Member of the Kansas Senate from the 29th district
- In office 1985–1991
- Preceded by: Billy McCray
- Succeeded by: Jim Ward

Member of the Kansas House of Representatives from the 83rd district
- In office 1973–1976

Personal details
- Born: March 9, 1944 Thomasville, Georgia
- Died: July 2, 2024 (aged 80)
- Party: Democratic
- Spouse: Mamie Jewell Sapp
- Children: 3

= Eugene Anderson (politician) =

American politician

Eugene Anderson (March 9, 1944 – July 2, 2024) was an African-American politician from Kansas who served as a member of both the Kansas House of Representatives and the Kansas Senate.

Anderson was born in Georgia. He served in the military after graduating high school, and eventually moved to Wichita.

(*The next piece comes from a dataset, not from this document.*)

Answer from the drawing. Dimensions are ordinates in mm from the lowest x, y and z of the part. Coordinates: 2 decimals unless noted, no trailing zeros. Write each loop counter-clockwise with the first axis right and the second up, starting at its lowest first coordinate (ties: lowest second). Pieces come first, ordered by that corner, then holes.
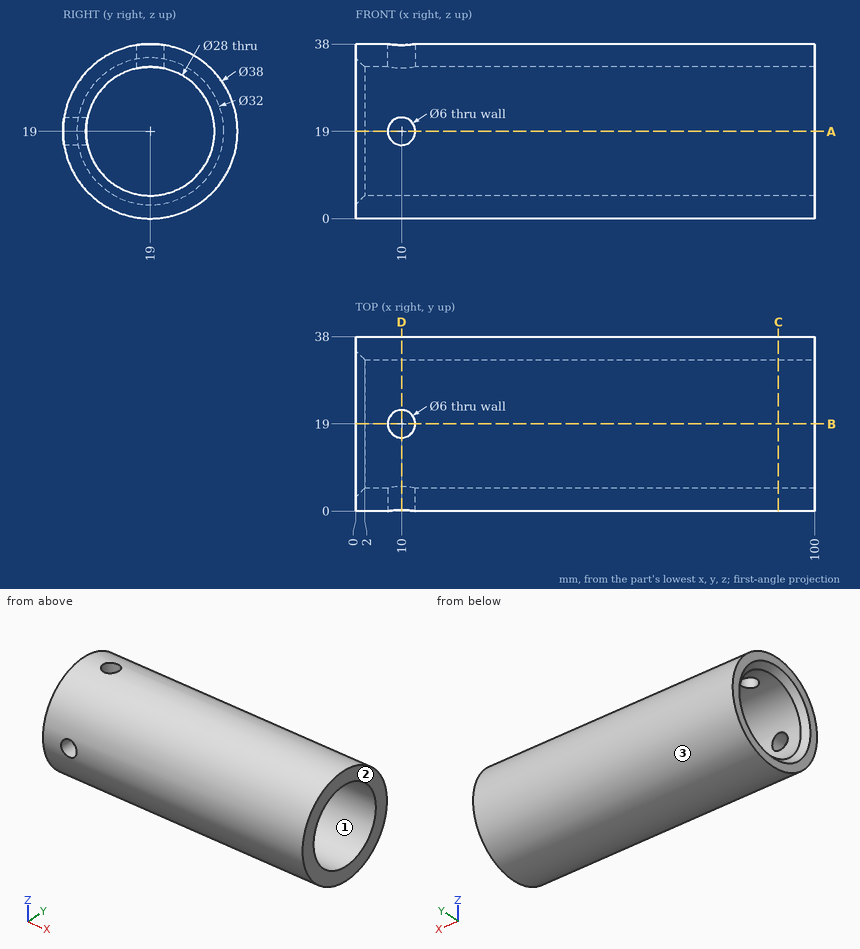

Before entering politics, Anderson worked as a brakeman for the Atchison, Topeka and Santa Fe Railway. In 1972, he ran for election to the Kansas House, eventually serving two terms there. From 1979 to 1983, he was chair of the Kansas Commission on Civil Rights, and also worked as an aide to U.S. Representative Dan Glickman.

In 1984, Anderson ran for the State Senate, winning his election for the 29th district. He won re-election in 1988, and resigned in November 1991. After his time in the State Senate, Anderson worked as a general contractor and owned a store specializing in business services.